Evangelizar, um exercício de criatividade

“A Igreja tem consciência viva de que a palavra do Salvador, ‘Eu devo anunciar a Boa Nova do Reino de Deus’, se aplica a ela com toda a verdade. Assim, ela acrescenta de bom grado com São Paulo: ‘Anunciar o Evangelho não é título de glória para mim; é antes uma necessidade que se me impõe. Ai de mim, se eu não anunciar o evangelho’ […]. Nós queremos confirmar, uma vez mais ainda, que a tarefa de evangelizar todos os homens constitui a missão essencial da Igreja; tarefa e missão, que as amplas e profundas mudanças da sociedade atual tornam ainda mais urgentes. Evangelizar constitui, de fato, a graça e a vocação própria da Igreja, a sua mais profunda identidade. Ela existe para evangelizar, ou seja, para pregar e ensinar, ser o canal do dom da graça, reconciliar os pecadores com Deus e perpetuar o sacrifício de Cristo na Santa Missa, que é o memorial da Sua morte e gloriosa ressurreição” (EN 14).

Anunciar Jesus Cristo começa com o testemunho de vida. Nossas Paróquias, com suas Comunidades, Pastorais, Movimentos e Serviços, são chamadas a resplandecer pela alegria da acolhida. Conheço uma família que retornou à prática da vida cristã apenas porque encontrou o Pároco cumprimentando os fiéis à porta da Paróquia. A resposta que esta esperava chegou antes do sermão!

Nossas Paróquias são chamadas a serem verdadeiros laboratórios da perfeição da vida cristã, o que se alcança na abertura à graça de Deus expressa numa intensa vida sacramental. A prática do sacramento da penitência será um dos “treinamentos intensivos” nesta estrada de santidade. A Eucaristia, bem preparada e celebrada, será o ponto alto de nossa vida, pois para ela convergem nossos esforços para viver como cristãos e de lá, fonte inesgotável, brotam todas as graças, pois perfeição cristã é antes dom do que conquista.

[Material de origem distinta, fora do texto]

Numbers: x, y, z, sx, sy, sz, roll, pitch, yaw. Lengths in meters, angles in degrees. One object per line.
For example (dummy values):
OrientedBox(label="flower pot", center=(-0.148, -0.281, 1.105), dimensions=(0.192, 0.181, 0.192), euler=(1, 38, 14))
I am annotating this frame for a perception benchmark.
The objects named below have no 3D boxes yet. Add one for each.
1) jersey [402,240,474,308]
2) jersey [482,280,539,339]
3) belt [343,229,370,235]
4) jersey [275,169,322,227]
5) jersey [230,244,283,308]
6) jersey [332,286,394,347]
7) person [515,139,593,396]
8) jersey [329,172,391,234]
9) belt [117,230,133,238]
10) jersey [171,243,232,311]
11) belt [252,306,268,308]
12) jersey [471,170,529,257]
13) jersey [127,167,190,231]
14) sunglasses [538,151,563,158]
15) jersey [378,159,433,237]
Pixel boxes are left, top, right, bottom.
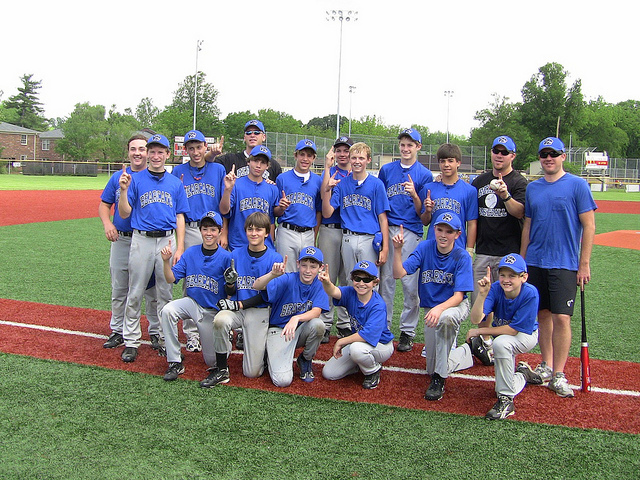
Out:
OrientedBox(label="jersey", center=(1.333, 0.420, 6.816), dimensions=(0.812, 0.795, 0.427), euler=(6, 11, 10))
OrientedBox(label="jersey", center=(2.078, 0.760, 6.512), dimensions=(0.599, 0.568, 0.424), euler=(7, 1, 31))
OrientedBox(label="belt", center=(0.459, -0.110, 7.821), dimensions=(0.336, 0.059, 0.049), euler=(4, 5, 19))
OrientedBox(label="jersey", center=(-0.273, -0.555, 7.911), dimensions=(0.721, 0.764, 0.412), euler=(3, 13, -13))
OrientedBox(label="jersey", center=(-0.731, 0.434, 6.799), dimensions=(0.675, 0.709, 0.384), euler=(4, -5, 4))
OrientedBox(label="jersey", center=(0.429, 0.778, 6.781), dimensions=(0.693, 0.846, 0.586), euler=(2, 12, 2))
OrientedBox(label="person", center=(2.624, 0.256, 6.663), dimensions=(0.730, 2.766, 0.878), euler=(2, 5, -6))
OrientedBox(label="jersey", center=(0.523, -0.488, 7.963), dimensions=(0.876, 0.800, 0.462), euler=(1, 16, 9))
OrientedBox(label="belt", center=(-2.435, -0.086, 7.389), dimensions=(0.183, 0.080, 0.055), euler=(2, 5, -9))
OrientedBox(label="jersey", center=(-1.313, 0.442, 6.908), dimensions=(0.952, 0.802, 0.297), euler=(5, 2, 1))
OrientedBox(label="belt", center=(-0.687, 0.767, 6.837), dimensions=(0.166, 0.015, 0.016), euler=(1, 5, -19))
OrientedBox(label="jersey", center=(2.252, -0.347, 7.481), dimensions=(0.754, 1.089, 0.428), euler=(5, 6, 34))
OrientedBox(label="jersey", center=(-2.029, -0.504, 7.313), dimensions=(0.874, 0.770, 0.364), euler=(2, 10, -29))
OrientedBox(label="sunglasses", center=(2.579, -0.959, 6.610), dimensions=(0.224, 0.071, 0.090), euler=(4, 5, 19))
OrientedBox(label="jersey", center=(1.230, -0.399, 8.259), dimensions=(0.779, 1.412, 0.508), euler=(11, 16, 38))
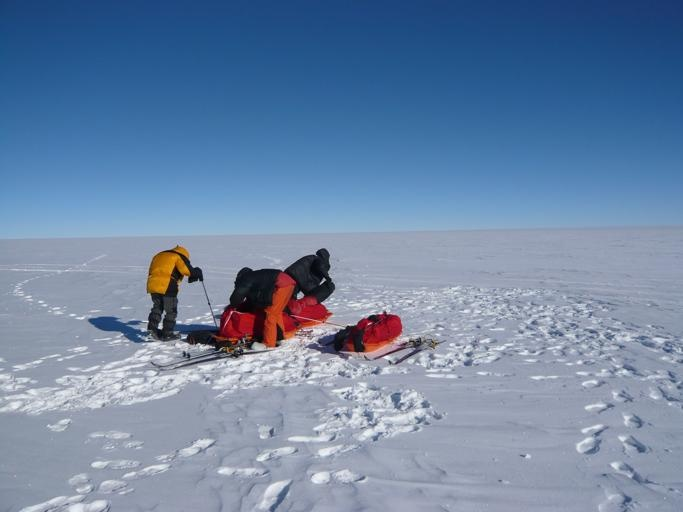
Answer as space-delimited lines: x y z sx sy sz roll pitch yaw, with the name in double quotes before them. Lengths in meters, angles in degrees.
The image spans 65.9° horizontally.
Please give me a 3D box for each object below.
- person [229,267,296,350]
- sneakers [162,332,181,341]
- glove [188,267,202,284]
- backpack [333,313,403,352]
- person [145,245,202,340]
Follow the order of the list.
"person" -1.343 0.802 8.947 1.498 0.985 1.234 -3 3 -14
"sneakers" -2.915 1.392 9.069 0.317 0.134 0.212 0 4 -19
"glove" -2.545 0.347 9.274 0.314 0.278 0.158 9 -1 3
"backpack" 0.445 1.251 8.598 0.629 0.267 0.986 -1 7 41
"person" -2.977 0.635 9.366 0.893 1.588 0.871 0 5 -16
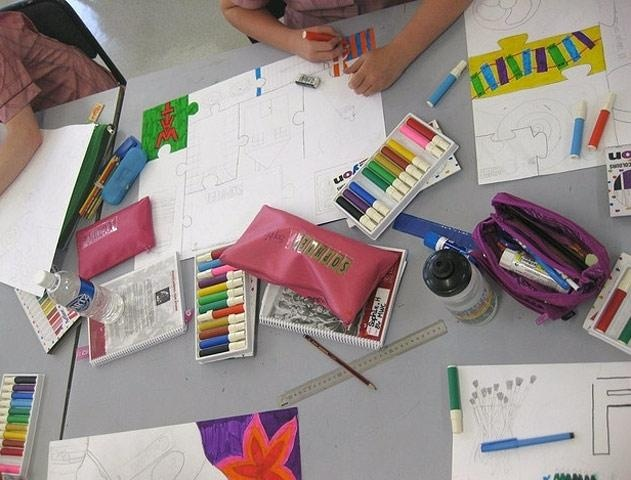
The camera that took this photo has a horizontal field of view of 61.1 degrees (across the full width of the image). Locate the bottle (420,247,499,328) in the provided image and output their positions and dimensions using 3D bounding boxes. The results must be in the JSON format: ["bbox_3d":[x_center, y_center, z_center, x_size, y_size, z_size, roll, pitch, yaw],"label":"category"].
[{"bbox_3d":[0.289,0.096,1.052,0.070,0.127,0.072,-8,67,20],"label":"bottle"}]

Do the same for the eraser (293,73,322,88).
[{"bbox_3d":[-0.019,-0.409,1.350,0.053,0.014,0.036,5,75,15],"label":"eraser"}]

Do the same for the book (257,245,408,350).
[{"bbox_3d":[0.023,0.145,1.140,0.248,0.074,0.245,15,86,10],"label":"book"}]

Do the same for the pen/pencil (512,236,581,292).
[{"bbox_3d":[0.450,0.049,1.037,0.120,0.023,0.025,50,124,19],"label":"pen/pencil"}]

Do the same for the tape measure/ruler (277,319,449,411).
[{"bbox_3d":[0.114,0.274,1.138,0.351,0.017,0.040,-32,65,10],"label":"tape measure/ruler"}]

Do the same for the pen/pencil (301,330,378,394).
[{"bbox_3d":[0.057,0.271,1.157,0.203,0.017,0.019,39,115,13],"label":"pen/pencil"}]

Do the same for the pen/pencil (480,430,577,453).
[{"bbox_3d":[0.409,0.388,1.013,0.175,0.028,0.022,-7,102,10],"label":"pen/pencil"}]

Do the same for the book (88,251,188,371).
[{"bbox_3d":[-0.432,0.169,1.330,0.266,0.063,0.286,-26,59,23],"label":"book"}]

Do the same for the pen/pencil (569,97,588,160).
[{"bbox_3d":[0.544,-0.230,1.111,0.027,0.025,0.148,-1,70,44],"label":"pen/pencil"}]
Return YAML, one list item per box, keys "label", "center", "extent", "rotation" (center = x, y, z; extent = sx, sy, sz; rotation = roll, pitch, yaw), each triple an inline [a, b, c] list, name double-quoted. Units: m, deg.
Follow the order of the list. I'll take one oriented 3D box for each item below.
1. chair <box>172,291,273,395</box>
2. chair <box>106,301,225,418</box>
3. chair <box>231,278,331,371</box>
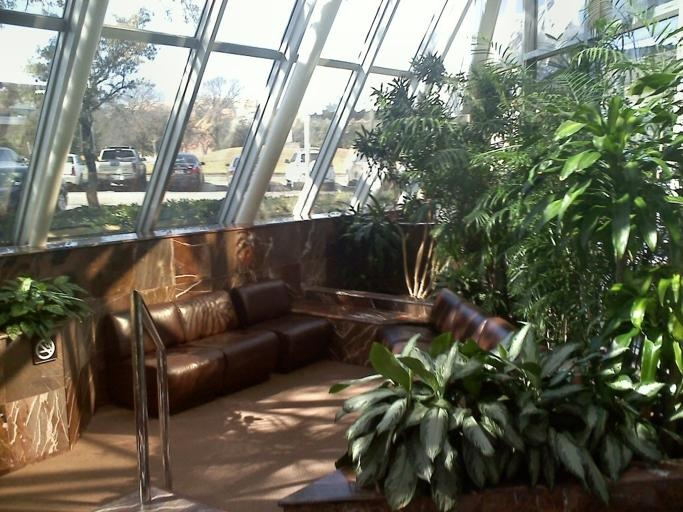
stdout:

Evangelizar é falar de Deus! Faz-se necessário rever continuamente nossa linguagem de evangelizadores. Da Homilia à Leitura Orante da Palavra, das Comunidades menores aos Grupos de reflexão dos diversos movimentos, todos são chamados a rever sua forma de comunicar a Palavra do Evangelho. Deus não é complicado, mas vem ao nosso encontro, tanto que o Verbo se fez carne! É bom aprender de novo com as parábolas do Evangelho e aceitar o desafio de chegar, com palavras atuais, mas verdadeiras, ao coração de todos, especialmente os jovens. Recentemente fiz um convite a um grupo de universitários e o estendo a todos: a se tornarem parábolas vivas para o mundo em que vivemos.

Evangelizar é ainda um exercício de criatividade, numa Igreja que é muito rica de manifestações da fé. Não desejamos passar um “rolo compressor”, escolhendo apenas uma forma de trabalho, mas estar abertos aos caminhos suscitados pelo Espírito Santo. Ser criativos é também valorizar o que os outros sabem e podem fazer, sem ciúme nem inveja. Que todos os grupos e métodos de apostolado aqui existentes olhem todo o bem que se faz e todos os métodos de trabalho como propriedade da família dos filhos de Deus, sem exclusivismos nem julgamentos. Da parte do Pastor da Igreja, saibam que haverá a plena abertura para o discernimento e o apoio a quem quer anunciar o Evangelho, inclusive abrindo fronteiras até agora inexploradas.

Enfim, evangelizar é justamente olhar com abertura para o horizonte missionário que se abre, pois muitas pessoas ainda se encontram ou se sentem afastadas da Igreja. Trata-se de uma verdadeira conversão pastoral, como pediu o Documento de Aparecida, uma “firme decisão missionária que deve impregnar todas as estruturas eclesiais e todos os planos pastorais de dioceses, paróquias, comunidades religiosas, movimentos e de qualquer instituição da Igreja. Nenhuma comunidade deve se isentar de entrar decididamente, com todas suas forças, nos processos constantes de renovação missionária e de abandonar as ultrapassadas estruturas que já não favoreçam a transmissão da fé” (DA 365).